Trading cards of Waad Hirmez were produced by Pacific Trading Cards, from 1987 through 1992.

In addition to his time playing indoor soccer with the Sockers, Hirmez also played for the San Diego Nomads of the outdoor Western Soccer League. Although the Nomads went to the league championship, Hirmez had returned to the Sockers before that game. In 1989, Hirmez also became an American citizen. In September 1991, the Sockers waived Hirmez. On September 20, 1991, he signed with the Baltimore Blast. On November 16, 1991, the Blast placed Hirmez on waivers. On November 30, Hirmez joined the St. Louis Storm. The Storm released him at the end of the season. In 1993, Hirmez rejoined the Sockers who were now playing in the Continental Indoor Soccer League. In January 1994, he signed with the Kansas City Attack of the National Professional Soccer League. He then moved to Mexico where he played for Puebla in the Futbol Rapido league, helping the team win the league championship. He then returned to the Sockers for the 1994 CISL season. The Sockers waived him at the end of the season and Hirmez moved to the Monterrey La Raza for the 1995 season.

==Post-playing career==

===Semi-professional coaching career===
In 2005, Hirmez served as Head Coach of the San Diego Fusion, in the PDL.

===High school coaching career===
After retiring from playing, Hirmez became the boys' varsity soccer coach at St Augustine Private Catholic School in San Diego in 1997–1998. Beginning in 2003, he was the varsity coach of the Fallbrook Union High School boys soccer team. In 2014, Hirmez was named the head varsity soccer coach at Chaparral High School (Temecula, California)

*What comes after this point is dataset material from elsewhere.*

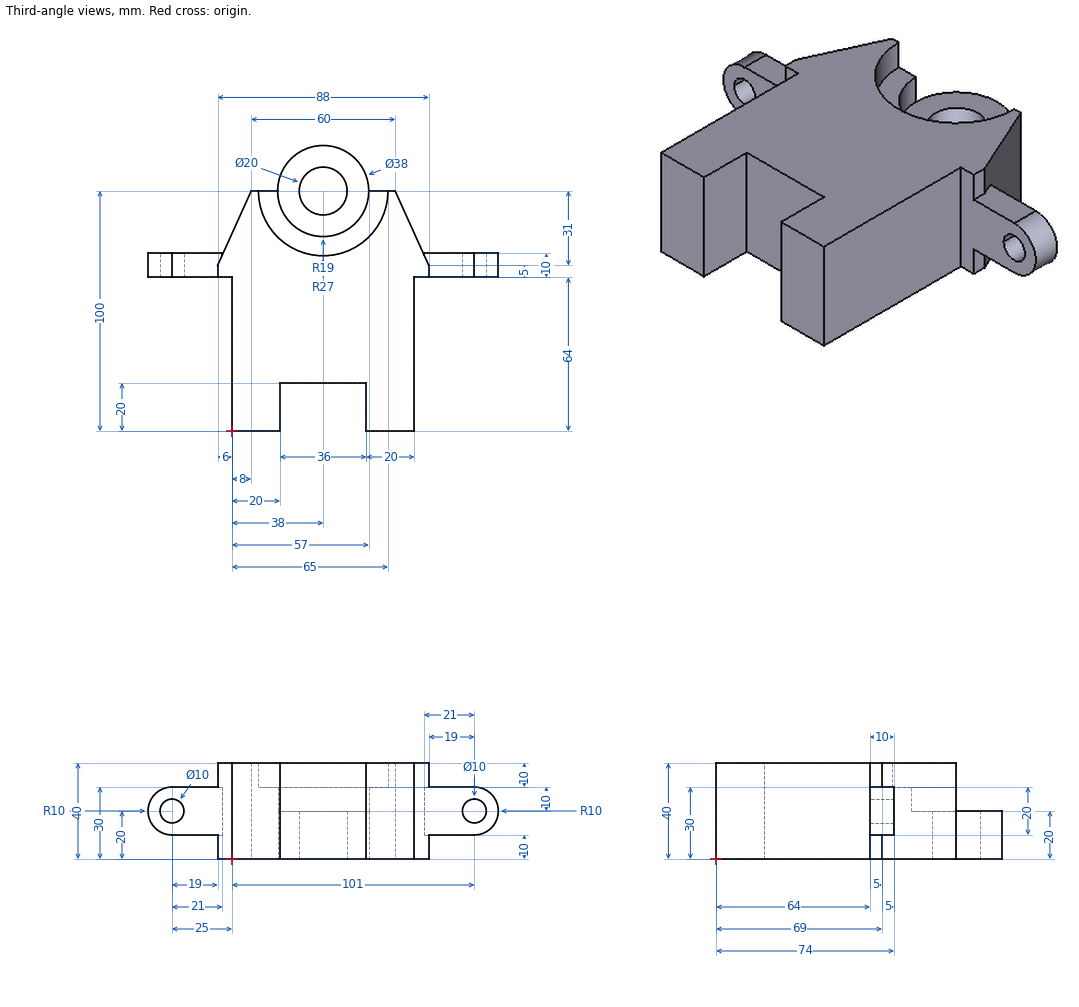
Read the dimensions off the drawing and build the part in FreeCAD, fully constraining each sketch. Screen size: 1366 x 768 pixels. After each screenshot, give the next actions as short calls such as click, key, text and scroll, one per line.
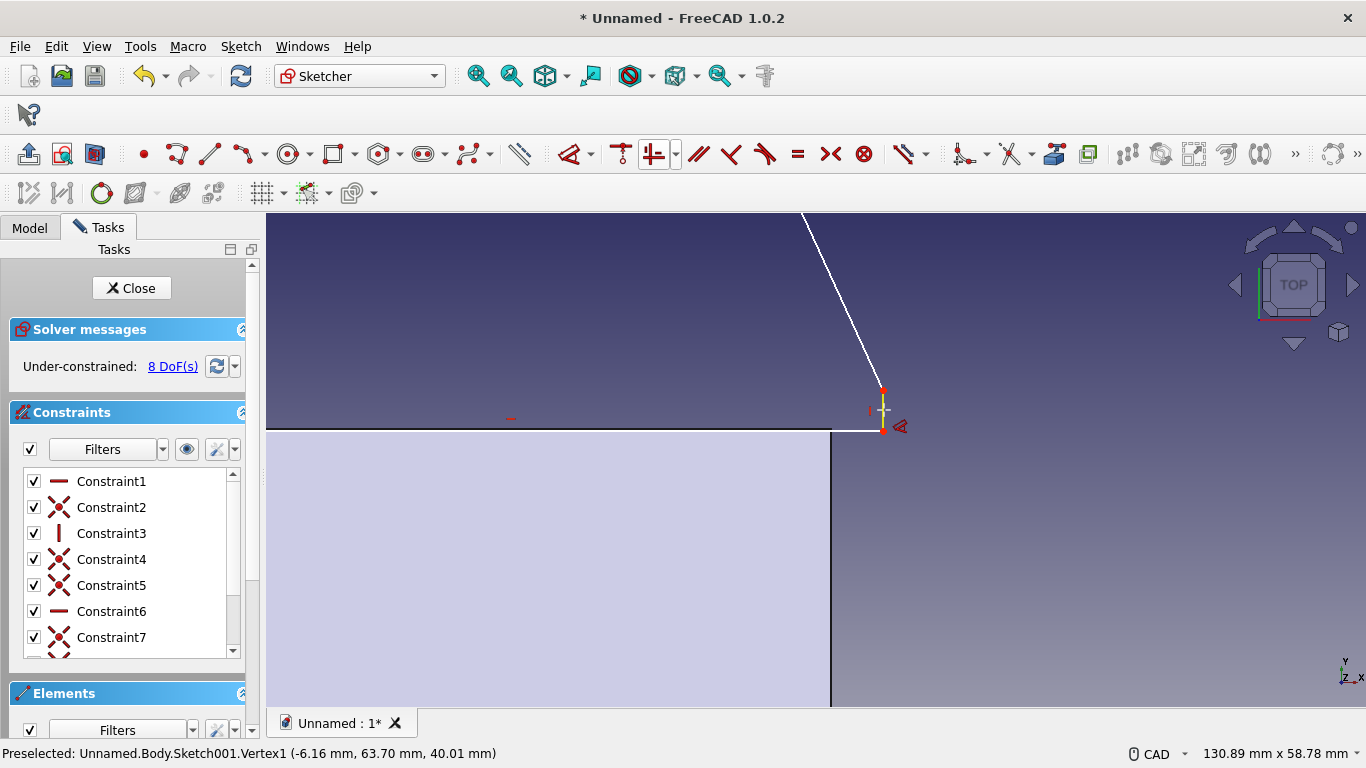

===Youth soccer coaching career===
From 2001 through 2003, Hirmez was the Program Director and Coach of the Southwest Soccer Club, where he coached the BU14, BU15 and BU16 teams. In 2002 his Boys U16 team won the Cal South State Cup Championship defeating PQ Premier Red. His BU16 team won the 2002 League Cup Championship and 2003 Surf Cup Championship and was a semi-finalist at the National Cup.

In 2014 Hirmez rejoined Southwest Soccer Club, taking over a team with a previous losing record, and coaching the Boys U12 team in the Coast League - Bronze East, finishing with a winning record of 6-5-1 and making a Cal South State Cup Championship appearance. Coach Hirmez' 2014/15 BU12 team advanced farther in the State Cup than any other Temecula Valley-based BU12 team, losing to a team from Irvine after double overtime on penalty kicks.